Substracting the continuous limit we can assume that $f_n(x)$ are decreasing with limit $0$. This easily implies the equicontinuity of $\{f_n:n\in\mathbb N\}$. Indeed, given $x_0\in K$ and $\varepsilon>0$ there is $n\in\mathbb N$ with $0\le f_n(x_0)\le \varepsilon/4$. The continuity of $f_n$ then gives a neighbourhood $U$ of $x_0$ with $|f_n(x)-f_n(x_0)|\le\varepsilon/4$ for all $x\in U$ and thus $0\le f_n(x) = f_n(x)-f_n(x_0)+ f_n(x_0)\le \varepsilon/2$. For all $m\ge n$ and $x\in U$, this implies $$|f_m(x)-f_m(x_0)|\le f_m(x)+f_m(x_0)\le f_n(x)+f_n(x_0)\le \varepsilon.$$ Using the continuity of $f_1,\ldots,f_{n-1}$ we can finally make $U$ smaller to obtain the same continuity estimate for all $m\in\mathbb N$.

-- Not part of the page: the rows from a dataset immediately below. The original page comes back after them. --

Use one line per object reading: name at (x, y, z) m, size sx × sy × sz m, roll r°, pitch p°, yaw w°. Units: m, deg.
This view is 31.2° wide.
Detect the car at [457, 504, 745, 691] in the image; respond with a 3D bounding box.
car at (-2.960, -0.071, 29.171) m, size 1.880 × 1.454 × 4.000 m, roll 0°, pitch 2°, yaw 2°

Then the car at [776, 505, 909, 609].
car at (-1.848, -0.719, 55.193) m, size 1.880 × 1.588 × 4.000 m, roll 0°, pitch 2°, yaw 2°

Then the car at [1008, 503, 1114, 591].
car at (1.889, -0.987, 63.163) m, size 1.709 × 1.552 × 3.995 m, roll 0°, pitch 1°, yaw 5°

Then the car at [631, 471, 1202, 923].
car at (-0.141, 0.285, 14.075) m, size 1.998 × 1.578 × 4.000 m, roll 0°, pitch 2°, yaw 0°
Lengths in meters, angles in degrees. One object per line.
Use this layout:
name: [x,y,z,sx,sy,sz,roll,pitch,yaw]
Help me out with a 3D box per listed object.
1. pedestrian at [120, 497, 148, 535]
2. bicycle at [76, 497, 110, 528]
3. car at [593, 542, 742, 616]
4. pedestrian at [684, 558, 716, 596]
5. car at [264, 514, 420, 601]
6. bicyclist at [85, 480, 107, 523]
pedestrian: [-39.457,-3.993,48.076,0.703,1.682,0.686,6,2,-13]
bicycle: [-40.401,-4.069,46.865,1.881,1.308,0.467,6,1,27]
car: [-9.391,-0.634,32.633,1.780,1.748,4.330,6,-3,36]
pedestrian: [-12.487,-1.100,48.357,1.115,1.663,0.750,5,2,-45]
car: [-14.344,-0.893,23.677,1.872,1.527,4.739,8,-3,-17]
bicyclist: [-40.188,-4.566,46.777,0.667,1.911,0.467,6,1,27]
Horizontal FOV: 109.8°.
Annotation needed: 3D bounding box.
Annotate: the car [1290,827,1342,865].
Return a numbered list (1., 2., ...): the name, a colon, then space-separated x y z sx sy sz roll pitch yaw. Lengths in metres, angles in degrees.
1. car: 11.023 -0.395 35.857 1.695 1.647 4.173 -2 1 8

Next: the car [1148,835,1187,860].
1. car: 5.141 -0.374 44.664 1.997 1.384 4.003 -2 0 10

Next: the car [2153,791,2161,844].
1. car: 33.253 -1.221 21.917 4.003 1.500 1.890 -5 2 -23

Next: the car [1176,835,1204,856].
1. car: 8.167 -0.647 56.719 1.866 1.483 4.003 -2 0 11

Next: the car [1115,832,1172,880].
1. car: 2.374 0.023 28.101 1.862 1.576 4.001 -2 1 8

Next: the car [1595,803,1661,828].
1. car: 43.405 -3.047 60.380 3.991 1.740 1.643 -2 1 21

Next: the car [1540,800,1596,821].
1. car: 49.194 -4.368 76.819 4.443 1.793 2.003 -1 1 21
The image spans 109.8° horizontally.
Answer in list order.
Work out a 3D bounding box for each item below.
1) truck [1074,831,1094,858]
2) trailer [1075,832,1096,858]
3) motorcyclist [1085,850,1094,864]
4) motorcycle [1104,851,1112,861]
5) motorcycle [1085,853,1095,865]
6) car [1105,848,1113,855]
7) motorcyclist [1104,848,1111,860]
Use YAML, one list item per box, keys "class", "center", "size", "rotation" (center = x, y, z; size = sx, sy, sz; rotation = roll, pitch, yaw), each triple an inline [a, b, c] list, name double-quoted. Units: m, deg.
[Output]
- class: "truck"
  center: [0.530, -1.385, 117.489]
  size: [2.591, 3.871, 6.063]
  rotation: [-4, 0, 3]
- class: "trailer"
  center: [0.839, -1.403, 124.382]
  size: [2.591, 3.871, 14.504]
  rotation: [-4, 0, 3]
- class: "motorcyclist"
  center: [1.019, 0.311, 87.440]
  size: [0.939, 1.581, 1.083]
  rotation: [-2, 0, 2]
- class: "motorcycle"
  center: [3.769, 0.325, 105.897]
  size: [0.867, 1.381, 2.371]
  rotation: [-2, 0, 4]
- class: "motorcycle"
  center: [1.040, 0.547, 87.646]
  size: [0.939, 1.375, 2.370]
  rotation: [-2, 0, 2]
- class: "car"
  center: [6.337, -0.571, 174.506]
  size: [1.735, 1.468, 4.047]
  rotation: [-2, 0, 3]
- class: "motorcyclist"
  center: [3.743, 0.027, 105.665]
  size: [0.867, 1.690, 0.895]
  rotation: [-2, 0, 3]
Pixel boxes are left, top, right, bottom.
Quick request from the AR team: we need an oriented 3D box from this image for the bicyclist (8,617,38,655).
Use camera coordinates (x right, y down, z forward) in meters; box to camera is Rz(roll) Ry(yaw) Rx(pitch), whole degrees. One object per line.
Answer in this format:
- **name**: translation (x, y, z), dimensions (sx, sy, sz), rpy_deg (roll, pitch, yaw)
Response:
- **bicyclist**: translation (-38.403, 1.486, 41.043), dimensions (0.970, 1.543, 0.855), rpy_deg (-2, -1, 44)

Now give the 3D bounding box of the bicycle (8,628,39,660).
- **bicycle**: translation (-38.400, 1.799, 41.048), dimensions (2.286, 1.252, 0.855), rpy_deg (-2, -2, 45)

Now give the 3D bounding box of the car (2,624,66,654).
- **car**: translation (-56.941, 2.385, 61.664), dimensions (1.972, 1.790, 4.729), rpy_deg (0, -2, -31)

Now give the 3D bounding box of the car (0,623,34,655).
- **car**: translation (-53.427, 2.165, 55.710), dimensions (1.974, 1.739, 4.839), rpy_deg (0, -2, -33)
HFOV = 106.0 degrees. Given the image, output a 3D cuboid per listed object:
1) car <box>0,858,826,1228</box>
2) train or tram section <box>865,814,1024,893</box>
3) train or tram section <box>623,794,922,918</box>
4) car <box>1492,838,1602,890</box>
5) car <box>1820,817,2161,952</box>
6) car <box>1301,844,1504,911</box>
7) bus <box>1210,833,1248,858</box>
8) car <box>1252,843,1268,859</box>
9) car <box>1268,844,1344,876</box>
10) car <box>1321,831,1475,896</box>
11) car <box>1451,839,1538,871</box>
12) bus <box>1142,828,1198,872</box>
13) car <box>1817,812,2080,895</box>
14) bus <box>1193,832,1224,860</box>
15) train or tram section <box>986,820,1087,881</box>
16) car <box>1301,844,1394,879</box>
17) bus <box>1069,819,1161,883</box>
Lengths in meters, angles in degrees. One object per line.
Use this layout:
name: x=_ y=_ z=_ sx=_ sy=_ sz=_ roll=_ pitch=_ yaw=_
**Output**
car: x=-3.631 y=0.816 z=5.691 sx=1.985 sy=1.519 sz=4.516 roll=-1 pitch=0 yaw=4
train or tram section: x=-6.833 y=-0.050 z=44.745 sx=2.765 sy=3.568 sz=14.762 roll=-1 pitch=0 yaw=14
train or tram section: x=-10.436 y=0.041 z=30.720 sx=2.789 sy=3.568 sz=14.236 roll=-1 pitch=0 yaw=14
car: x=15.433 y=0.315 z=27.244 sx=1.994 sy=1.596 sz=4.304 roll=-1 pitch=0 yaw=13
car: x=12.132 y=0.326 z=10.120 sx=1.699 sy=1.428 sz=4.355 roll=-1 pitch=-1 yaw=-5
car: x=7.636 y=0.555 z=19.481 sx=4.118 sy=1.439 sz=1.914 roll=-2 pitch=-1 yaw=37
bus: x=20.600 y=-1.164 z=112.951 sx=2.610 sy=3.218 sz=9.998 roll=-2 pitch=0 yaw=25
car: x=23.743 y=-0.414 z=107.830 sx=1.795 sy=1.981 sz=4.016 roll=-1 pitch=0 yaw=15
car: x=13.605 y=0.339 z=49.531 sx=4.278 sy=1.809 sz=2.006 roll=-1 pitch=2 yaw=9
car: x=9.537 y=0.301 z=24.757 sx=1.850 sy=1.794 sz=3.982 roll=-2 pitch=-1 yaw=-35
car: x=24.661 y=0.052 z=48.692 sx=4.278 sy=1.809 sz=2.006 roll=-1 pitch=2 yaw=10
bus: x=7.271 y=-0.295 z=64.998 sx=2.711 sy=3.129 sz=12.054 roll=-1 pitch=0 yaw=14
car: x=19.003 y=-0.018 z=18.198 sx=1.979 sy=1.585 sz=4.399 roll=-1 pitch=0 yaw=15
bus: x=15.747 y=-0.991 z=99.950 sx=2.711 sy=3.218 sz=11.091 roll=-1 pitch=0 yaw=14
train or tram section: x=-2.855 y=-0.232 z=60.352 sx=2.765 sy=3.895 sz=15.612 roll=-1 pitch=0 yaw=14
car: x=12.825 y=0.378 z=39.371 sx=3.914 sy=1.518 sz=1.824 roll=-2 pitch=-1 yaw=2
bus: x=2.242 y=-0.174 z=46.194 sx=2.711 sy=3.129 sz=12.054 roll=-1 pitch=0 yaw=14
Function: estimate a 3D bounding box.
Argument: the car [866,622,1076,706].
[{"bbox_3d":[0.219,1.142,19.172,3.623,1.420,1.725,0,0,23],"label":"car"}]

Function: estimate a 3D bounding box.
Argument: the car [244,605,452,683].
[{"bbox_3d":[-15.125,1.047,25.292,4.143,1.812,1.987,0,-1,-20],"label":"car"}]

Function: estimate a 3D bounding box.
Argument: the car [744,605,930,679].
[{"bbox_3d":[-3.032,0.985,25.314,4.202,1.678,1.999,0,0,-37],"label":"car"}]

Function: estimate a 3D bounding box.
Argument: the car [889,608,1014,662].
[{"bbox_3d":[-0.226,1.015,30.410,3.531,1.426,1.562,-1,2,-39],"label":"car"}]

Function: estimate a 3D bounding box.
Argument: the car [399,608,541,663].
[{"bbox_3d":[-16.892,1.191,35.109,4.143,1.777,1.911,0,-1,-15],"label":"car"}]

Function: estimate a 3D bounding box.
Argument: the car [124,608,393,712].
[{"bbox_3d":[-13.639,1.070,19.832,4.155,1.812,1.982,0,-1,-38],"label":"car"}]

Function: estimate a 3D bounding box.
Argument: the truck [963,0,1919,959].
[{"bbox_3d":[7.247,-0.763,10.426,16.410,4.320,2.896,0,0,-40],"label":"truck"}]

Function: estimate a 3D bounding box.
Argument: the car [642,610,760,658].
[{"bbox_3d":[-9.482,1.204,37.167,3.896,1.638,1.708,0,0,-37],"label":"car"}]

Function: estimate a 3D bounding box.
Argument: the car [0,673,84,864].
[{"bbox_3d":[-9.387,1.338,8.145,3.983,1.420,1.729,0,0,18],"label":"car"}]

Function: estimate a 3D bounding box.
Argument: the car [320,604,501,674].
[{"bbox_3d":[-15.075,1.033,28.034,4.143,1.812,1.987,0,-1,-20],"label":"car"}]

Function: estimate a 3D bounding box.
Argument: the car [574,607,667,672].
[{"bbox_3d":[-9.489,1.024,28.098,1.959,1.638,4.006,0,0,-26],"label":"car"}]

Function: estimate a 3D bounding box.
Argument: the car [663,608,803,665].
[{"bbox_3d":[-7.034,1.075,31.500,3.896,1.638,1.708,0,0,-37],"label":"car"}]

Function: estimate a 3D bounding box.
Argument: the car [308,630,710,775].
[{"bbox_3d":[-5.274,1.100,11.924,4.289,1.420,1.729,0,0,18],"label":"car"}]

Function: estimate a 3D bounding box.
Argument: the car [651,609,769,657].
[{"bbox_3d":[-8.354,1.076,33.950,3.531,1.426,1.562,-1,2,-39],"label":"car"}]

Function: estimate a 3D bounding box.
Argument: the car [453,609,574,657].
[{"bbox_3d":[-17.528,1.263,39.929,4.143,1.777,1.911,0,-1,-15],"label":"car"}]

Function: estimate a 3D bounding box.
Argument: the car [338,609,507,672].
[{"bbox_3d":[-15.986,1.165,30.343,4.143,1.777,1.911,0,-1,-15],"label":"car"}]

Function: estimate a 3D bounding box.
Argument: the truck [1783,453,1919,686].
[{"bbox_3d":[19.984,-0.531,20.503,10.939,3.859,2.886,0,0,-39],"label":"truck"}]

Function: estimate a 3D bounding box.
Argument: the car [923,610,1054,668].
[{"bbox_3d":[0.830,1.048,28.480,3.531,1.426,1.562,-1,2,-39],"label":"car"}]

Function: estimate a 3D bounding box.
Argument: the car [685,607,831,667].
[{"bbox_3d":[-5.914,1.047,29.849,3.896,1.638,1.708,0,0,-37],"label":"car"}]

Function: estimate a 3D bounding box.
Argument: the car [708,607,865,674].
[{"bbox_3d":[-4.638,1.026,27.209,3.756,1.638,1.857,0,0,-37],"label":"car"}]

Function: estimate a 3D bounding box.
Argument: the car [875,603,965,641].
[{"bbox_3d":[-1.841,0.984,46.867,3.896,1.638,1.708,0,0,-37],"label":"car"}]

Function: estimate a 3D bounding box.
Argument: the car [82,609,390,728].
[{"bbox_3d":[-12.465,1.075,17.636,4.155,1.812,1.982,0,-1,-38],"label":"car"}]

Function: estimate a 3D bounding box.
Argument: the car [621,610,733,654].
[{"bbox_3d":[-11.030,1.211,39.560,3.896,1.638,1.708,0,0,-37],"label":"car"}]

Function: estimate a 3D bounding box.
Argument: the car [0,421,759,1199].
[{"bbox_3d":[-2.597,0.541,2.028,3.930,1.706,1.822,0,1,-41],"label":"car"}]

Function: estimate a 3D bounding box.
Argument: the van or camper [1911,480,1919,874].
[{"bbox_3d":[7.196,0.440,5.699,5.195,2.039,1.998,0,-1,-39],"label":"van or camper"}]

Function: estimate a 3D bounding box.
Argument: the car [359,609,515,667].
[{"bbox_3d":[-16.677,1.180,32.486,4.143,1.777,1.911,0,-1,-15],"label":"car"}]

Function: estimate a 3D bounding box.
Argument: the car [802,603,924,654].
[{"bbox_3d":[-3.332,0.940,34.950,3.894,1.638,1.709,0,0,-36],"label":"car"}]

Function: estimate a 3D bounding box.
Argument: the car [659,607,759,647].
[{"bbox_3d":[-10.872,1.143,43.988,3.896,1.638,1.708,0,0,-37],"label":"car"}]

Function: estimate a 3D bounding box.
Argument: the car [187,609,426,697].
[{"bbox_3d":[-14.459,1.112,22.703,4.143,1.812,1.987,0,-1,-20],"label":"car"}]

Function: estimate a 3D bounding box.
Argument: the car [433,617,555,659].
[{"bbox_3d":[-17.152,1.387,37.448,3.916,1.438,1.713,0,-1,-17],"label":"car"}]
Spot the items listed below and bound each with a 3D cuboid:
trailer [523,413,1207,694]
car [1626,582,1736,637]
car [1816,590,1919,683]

Let us now assume that $f_n$ does not converge uniformly to $0$, i.e., $\|f_{n(k)}\|_K\ge \delta$ for some $\delta>0$ and some strictly increasing sequence $n(k)$ of integers. Arzelá-Ascoli then implies that another subsequence $(f_{n(k(\ell))})_{\ell\in\mathbb N}$ converges uniformly to some continuous $g$ with $\|g\|_k\ge\delta$. But since uniform convergence implies pointwise convergence, $f_n\to 0$ pointwise, and pointwise limits are unique we obtain the contradiction $g=0$.


The argument is quite similar to a possible proof of the Arzelá-Ascoli theorem (which quite often is somewhat hidden behind technicalities): Compactness in the topology of pointwise convergence is due to Tychonov's theorem and equicontinuity implies that this topology coincides with the much finer topology of uniform convergence on the given set.